| Task requirements |
Every line of the entries below from the one containing "You are a 3D" to the one containing "For example (dummy", both ends included, must be written out exactly. No other line belongs in the answer.

[Stored dataset items]
▬▬▬▬▬▬

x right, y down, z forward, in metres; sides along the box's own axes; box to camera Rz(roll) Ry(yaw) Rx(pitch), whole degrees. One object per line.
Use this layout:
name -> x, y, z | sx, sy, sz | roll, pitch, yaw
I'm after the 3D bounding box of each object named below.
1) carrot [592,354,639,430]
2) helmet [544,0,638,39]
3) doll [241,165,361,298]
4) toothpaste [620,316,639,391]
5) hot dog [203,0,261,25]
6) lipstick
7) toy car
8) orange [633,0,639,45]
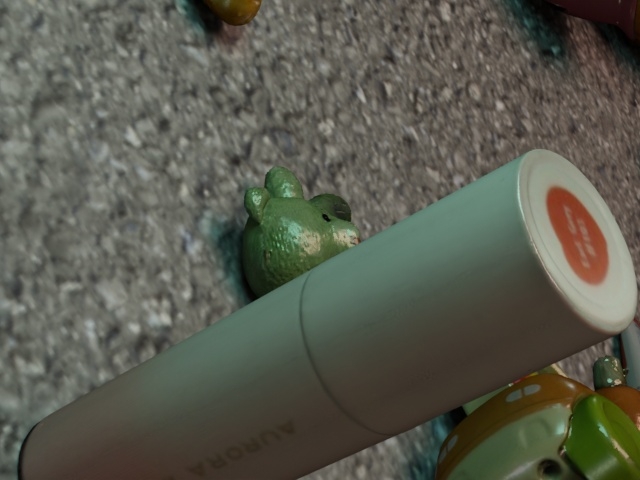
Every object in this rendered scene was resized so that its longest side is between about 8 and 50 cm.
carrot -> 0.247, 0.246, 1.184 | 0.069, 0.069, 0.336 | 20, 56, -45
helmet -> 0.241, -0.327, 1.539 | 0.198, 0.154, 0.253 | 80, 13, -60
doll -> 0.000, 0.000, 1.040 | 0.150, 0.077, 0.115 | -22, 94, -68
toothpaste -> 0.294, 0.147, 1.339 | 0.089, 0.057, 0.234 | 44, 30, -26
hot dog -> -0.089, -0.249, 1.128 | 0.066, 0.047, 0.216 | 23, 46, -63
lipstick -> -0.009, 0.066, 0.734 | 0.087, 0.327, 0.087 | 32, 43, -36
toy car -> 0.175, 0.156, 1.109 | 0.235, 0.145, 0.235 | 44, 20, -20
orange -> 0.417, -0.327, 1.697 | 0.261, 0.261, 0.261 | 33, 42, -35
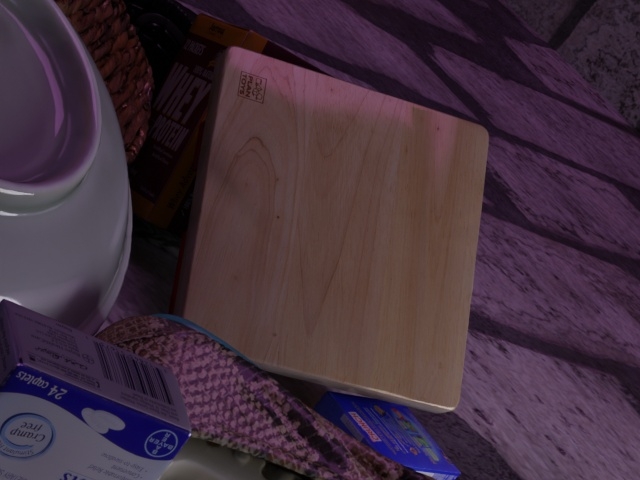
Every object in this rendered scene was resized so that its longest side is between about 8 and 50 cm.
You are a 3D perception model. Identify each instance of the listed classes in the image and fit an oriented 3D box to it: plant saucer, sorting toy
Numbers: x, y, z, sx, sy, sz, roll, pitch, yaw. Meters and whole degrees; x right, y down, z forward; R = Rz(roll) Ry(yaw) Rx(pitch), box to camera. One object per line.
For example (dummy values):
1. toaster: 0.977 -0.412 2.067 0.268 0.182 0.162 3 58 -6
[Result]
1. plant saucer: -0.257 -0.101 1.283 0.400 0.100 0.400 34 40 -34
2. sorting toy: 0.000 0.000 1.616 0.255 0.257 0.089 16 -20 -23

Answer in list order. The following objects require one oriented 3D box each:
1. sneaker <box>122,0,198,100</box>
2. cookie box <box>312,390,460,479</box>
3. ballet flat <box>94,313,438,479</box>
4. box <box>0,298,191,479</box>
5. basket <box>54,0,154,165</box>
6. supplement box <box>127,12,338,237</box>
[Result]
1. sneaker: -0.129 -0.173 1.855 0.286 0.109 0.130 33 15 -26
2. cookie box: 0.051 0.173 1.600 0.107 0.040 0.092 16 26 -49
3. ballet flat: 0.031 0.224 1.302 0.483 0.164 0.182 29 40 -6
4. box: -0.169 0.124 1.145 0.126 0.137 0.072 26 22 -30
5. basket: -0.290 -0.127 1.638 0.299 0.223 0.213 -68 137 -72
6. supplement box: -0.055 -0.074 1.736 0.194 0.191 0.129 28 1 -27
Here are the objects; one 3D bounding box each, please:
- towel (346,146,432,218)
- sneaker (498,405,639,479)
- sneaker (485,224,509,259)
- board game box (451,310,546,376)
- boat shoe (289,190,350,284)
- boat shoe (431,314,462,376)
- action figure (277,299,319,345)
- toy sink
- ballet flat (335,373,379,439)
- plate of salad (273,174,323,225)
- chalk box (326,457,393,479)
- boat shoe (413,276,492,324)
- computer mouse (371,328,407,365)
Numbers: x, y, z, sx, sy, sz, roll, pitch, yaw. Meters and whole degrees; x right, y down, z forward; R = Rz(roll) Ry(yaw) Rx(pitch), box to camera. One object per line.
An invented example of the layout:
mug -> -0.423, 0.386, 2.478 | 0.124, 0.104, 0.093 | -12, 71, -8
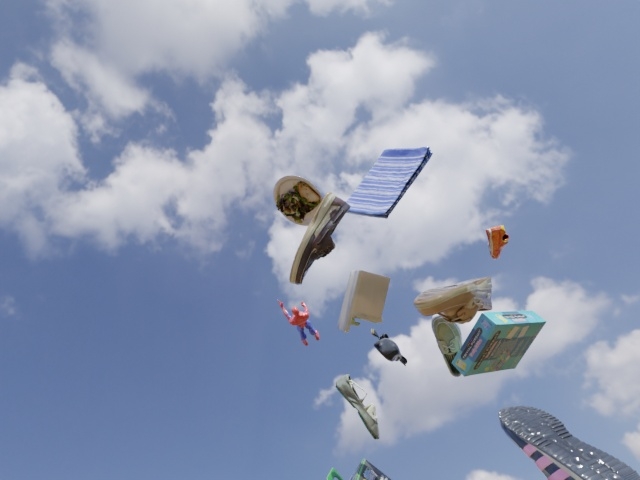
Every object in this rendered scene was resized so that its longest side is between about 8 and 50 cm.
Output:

▬▬▬▬▬▬

| The answer |
You are a 3D perception model. Identify each instance of the listed classes in the image and fit an oriented 3D box to it: plant saucer, sorting toy
Numbers: x, y, z, sx, sy, sz, roll, pitch, yaw. Meters and whole degrees; x right, y down, z forward; R = Rz(roll) Ry(yaw) Rx(pitch), box to camera. One object per line.
For example (dummy values):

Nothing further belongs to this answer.